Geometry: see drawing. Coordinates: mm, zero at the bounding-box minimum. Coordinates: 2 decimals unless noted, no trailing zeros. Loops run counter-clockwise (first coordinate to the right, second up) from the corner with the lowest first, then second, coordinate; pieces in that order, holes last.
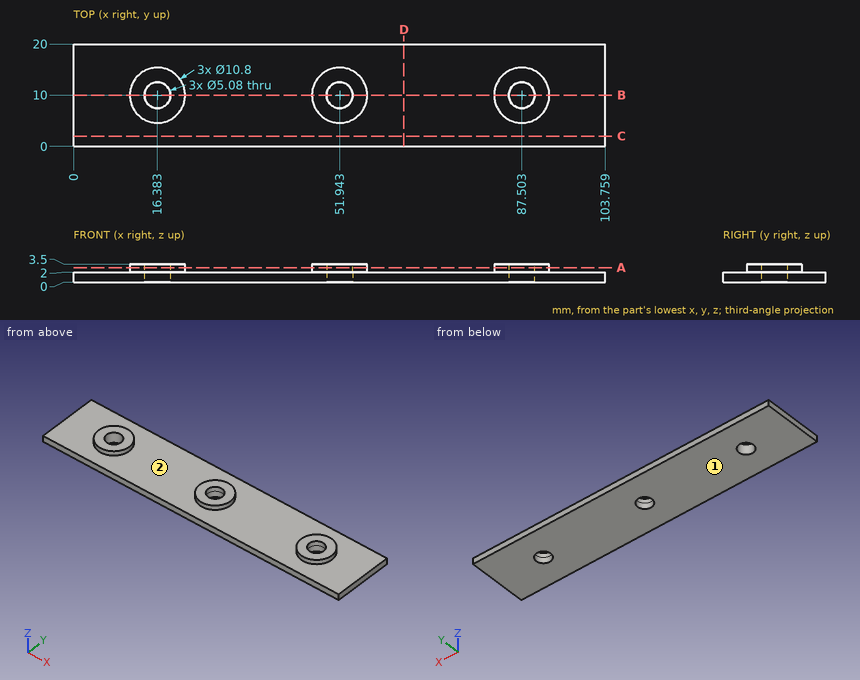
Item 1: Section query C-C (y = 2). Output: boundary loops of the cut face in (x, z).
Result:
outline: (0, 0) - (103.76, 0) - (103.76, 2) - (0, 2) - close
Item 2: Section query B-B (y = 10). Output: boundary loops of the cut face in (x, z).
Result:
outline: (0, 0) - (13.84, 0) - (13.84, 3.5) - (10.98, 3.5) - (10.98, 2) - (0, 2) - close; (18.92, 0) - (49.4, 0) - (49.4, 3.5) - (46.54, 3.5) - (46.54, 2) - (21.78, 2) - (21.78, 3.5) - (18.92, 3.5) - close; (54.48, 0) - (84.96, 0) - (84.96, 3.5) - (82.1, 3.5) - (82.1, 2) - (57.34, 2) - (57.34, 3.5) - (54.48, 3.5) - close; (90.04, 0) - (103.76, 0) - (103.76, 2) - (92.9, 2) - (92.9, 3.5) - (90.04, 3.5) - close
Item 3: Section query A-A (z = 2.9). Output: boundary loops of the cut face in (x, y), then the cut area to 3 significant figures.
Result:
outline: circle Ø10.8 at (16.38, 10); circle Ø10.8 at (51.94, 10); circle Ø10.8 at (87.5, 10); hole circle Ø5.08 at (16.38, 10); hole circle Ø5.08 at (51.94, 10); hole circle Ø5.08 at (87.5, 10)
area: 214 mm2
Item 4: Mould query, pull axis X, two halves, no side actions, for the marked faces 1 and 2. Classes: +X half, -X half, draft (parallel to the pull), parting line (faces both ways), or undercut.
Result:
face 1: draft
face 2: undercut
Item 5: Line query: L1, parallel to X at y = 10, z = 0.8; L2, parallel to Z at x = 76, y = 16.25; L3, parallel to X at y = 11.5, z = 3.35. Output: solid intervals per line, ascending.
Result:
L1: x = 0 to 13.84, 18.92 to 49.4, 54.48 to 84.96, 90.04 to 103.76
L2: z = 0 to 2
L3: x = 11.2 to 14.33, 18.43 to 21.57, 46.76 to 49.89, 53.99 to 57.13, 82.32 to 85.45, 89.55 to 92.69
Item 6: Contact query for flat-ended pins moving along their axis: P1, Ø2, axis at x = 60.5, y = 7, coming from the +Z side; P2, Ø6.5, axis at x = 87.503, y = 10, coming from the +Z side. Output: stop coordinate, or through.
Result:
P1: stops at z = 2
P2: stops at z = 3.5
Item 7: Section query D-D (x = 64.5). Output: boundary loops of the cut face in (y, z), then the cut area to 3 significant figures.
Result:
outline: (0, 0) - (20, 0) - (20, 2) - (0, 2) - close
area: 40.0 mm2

════════════════

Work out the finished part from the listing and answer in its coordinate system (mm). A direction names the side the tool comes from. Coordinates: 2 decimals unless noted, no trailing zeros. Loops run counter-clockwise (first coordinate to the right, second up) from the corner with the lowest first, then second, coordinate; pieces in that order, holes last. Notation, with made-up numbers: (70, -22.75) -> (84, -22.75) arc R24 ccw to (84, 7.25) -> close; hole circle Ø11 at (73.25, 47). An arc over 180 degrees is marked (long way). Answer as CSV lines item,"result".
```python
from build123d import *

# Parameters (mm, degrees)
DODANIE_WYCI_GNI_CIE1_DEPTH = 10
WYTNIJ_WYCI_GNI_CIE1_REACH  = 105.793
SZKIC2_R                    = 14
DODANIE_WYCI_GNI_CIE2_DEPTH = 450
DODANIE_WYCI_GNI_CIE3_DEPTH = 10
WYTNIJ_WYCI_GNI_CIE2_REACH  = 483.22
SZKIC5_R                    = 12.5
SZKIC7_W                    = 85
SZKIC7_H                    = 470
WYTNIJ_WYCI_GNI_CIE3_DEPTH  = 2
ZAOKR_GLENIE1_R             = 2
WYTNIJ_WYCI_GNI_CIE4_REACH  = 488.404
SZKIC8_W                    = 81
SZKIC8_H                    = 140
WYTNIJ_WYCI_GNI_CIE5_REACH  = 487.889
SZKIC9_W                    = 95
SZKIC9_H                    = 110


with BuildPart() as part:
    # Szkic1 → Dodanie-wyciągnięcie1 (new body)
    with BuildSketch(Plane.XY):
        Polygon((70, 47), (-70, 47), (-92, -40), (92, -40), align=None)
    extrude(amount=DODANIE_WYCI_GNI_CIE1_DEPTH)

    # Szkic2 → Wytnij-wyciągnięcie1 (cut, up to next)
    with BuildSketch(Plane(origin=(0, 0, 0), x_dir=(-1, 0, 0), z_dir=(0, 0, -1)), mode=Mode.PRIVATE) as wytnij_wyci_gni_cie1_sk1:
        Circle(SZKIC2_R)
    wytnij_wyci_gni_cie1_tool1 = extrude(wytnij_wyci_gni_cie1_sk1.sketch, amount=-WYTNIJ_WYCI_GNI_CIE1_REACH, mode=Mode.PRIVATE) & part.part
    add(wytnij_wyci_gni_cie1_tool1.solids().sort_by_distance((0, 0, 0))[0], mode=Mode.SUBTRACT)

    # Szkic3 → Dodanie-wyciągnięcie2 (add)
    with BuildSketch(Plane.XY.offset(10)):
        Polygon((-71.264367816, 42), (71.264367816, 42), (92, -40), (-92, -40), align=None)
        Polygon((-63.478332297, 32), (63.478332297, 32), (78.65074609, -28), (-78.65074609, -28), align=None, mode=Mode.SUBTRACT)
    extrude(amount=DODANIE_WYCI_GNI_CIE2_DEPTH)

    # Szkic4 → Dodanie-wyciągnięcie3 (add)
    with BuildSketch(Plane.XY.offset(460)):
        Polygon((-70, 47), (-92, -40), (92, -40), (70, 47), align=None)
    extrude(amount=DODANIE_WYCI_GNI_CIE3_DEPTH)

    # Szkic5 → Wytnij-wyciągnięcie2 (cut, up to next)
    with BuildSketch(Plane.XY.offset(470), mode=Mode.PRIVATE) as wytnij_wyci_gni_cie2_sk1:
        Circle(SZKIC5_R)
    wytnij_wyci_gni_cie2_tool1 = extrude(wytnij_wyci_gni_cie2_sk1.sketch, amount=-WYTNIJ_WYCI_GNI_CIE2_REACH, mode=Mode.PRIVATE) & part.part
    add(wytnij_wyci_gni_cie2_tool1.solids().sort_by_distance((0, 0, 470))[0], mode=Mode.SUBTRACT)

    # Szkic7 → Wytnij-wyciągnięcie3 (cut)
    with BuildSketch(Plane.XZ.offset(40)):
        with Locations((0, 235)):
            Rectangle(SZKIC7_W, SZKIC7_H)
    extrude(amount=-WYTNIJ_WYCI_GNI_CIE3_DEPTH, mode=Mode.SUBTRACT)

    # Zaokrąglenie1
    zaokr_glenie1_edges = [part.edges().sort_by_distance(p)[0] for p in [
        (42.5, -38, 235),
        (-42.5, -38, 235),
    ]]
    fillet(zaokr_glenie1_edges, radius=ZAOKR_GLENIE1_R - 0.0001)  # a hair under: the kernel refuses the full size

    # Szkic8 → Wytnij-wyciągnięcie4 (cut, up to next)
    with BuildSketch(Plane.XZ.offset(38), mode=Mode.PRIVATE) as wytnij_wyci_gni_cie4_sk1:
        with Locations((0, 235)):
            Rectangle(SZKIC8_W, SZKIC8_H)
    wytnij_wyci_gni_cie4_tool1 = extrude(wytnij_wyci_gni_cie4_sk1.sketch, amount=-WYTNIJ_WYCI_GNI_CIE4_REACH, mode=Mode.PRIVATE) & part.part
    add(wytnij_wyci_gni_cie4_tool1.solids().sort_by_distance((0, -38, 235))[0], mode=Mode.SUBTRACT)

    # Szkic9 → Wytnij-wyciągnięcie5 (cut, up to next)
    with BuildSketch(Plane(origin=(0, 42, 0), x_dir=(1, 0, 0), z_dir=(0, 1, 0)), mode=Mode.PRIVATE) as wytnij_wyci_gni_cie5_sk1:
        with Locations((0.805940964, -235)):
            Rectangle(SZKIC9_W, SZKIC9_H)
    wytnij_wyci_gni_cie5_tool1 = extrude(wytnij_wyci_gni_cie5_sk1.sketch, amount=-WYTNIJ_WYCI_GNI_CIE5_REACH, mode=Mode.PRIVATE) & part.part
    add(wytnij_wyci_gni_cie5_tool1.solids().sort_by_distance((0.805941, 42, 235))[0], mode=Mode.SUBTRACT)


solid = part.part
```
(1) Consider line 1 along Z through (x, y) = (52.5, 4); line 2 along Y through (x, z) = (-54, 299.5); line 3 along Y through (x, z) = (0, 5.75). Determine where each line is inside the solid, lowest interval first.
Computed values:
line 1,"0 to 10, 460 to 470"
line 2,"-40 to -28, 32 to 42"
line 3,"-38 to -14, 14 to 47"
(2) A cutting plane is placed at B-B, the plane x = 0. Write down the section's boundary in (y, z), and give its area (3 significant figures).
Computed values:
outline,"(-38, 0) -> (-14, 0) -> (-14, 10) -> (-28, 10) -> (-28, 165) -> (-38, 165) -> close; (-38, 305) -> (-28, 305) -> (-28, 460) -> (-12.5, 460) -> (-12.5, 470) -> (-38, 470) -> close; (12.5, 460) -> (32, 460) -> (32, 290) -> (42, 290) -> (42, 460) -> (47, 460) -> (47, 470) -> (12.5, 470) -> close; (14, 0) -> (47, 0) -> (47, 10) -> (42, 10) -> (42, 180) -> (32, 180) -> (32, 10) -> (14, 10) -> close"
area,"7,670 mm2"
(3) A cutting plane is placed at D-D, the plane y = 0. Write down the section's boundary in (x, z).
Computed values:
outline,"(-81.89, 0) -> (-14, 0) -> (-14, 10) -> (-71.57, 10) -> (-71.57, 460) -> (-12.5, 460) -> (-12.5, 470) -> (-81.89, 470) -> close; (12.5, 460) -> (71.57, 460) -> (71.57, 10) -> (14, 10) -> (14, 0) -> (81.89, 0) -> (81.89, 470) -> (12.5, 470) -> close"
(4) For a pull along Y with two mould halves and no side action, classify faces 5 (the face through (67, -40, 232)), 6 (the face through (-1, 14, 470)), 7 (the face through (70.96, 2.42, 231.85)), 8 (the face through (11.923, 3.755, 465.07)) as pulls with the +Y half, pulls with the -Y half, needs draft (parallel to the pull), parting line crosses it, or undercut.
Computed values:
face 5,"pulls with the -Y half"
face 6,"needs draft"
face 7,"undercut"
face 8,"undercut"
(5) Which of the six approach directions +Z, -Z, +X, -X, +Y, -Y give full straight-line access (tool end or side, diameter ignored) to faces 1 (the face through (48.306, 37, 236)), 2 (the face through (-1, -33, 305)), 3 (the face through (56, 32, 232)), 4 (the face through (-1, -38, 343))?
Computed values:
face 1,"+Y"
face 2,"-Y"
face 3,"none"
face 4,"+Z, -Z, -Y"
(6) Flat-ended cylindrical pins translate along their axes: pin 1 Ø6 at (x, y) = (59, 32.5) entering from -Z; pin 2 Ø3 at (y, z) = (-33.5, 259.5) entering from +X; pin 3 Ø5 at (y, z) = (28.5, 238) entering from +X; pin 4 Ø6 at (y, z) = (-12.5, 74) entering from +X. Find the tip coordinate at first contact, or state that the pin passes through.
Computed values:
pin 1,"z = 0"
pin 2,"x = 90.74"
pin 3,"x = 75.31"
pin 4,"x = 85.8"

════════════════

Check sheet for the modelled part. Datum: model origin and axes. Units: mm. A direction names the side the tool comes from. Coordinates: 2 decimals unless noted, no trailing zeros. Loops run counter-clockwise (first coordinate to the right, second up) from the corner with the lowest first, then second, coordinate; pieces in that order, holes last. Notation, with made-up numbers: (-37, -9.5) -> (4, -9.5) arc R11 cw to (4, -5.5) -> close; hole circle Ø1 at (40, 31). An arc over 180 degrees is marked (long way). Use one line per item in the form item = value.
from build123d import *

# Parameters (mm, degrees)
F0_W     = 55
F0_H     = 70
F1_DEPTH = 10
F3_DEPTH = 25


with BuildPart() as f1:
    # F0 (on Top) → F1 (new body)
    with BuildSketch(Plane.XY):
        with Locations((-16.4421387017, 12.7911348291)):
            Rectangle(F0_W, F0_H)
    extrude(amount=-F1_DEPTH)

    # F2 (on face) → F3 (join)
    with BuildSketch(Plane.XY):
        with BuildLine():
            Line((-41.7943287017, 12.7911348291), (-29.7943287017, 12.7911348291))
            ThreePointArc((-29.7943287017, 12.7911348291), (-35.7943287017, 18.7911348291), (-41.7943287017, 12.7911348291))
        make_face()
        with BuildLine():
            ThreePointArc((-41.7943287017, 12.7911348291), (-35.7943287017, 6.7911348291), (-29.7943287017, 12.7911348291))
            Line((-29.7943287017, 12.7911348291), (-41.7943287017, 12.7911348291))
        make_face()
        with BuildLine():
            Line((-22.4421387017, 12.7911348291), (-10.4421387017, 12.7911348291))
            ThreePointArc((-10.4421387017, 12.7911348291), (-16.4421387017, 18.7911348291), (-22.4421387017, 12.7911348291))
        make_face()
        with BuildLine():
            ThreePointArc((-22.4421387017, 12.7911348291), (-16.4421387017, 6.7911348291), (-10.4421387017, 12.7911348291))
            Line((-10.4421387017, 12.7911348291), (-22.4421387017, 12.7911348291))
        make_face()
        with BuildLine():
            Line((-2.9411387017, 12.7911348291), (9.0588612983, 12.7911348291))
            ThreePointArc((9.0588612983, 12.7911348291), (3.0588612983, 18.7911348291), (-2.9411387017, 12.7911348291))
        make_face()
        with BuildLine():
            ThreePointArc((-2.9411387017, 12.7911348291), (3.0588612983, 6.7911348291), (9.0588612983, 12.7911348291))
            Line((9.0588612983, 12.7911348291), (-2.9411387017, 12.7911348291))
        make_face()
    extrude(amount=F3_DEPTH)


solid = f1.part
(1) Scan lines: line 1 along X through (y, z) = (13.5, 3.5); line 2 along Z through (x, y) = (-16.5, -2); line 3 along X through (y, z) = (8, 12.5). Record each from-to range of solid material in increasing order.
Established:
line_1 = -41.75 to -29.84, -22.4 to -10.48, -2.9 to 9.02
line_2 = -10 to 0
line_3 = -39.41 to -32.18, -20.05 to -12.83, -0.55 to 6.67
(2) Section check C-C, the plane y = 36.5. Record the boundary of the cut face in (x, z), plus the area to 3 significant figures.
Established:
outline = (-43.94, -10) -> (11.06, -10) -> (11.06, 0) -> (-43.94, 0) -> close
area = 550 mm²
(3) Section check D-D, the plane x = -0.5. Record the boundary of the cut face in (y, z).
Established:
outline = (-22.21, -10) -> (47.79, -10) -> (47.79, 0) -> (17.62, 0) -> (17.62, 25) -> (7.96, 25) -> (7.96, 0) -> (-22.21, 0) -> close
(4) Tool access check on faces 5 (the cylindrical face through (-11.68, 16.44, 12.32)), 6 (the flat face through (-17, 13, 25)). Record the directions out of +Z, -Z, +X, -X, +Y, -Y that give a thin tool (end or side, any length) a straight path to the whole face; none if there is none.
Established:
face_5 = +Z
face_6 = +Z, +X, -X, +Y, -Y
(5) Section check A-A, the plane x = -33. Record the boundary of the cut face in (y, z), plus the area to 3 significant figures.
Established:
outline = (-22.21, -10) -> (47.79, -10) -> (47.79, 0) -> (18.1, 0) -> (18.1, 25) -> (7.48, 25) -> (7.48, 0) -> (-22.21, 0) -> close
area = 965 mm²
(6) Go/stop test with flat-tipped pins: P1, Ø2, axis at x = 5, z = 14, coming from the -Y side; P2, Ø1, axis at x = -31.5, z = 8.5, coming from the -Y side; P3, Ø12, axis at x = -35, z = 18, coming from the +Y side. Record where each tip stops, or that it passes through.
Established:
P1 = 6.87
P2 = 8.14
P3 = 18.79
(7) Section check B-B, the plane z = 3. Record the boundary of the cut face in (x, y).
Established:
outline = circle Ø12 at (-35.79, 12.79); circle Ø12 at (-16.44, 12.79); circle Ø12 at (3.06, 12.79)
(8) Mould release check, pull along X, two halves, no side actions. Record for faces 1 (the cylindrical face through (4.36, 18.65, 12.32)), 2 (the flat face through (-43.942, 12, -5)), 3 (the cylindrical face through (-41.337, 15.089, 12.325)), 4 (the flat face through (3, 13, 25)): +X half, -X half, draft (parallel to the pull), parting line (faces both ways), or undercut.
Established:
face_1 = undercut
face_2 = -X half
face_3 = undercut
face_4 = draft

════════════════

YOUR OBJECTIVE: In the entries above, identify every line with the word "axes". Copy those lines.

TASK SOLUTION:
(6) Flat-ended cylindrical pins translate along their axes: pin 1 Ø6 at (x, y) = (59, 32.5) entering from -Z; pin 2 Ø3 at (y, z) = (-33.5, 259.5) entering from +X; pin 3 Ø5 at (y, z) = (28.5, 238) entering from +X; pin 4 Ø6 at (y, z) = (-12.5, 74) entering from +X. Find the tip coordinate at first contact, or state that the pin passes through.
Check sheet for the modelled part. Datum: model origin and axes. Units: mm. A direction names the side the tool comes from. Coordinates: 2 decimals unless noted, no trailing zeros. Loops run counter-clockwise (first coordinate to the right, second up) from the corner with the lowest first, then second, coordinate; pieces in that order, holes last. Notation, with made-up numbers: (-37, -9.5) -> (4, -9.5) arc R11 cw to (4, -5.5) -> close; hole circle Ø1 at (40, 31). An arc over 180 degrees is marked (long way). Use one line per item in the form item = value.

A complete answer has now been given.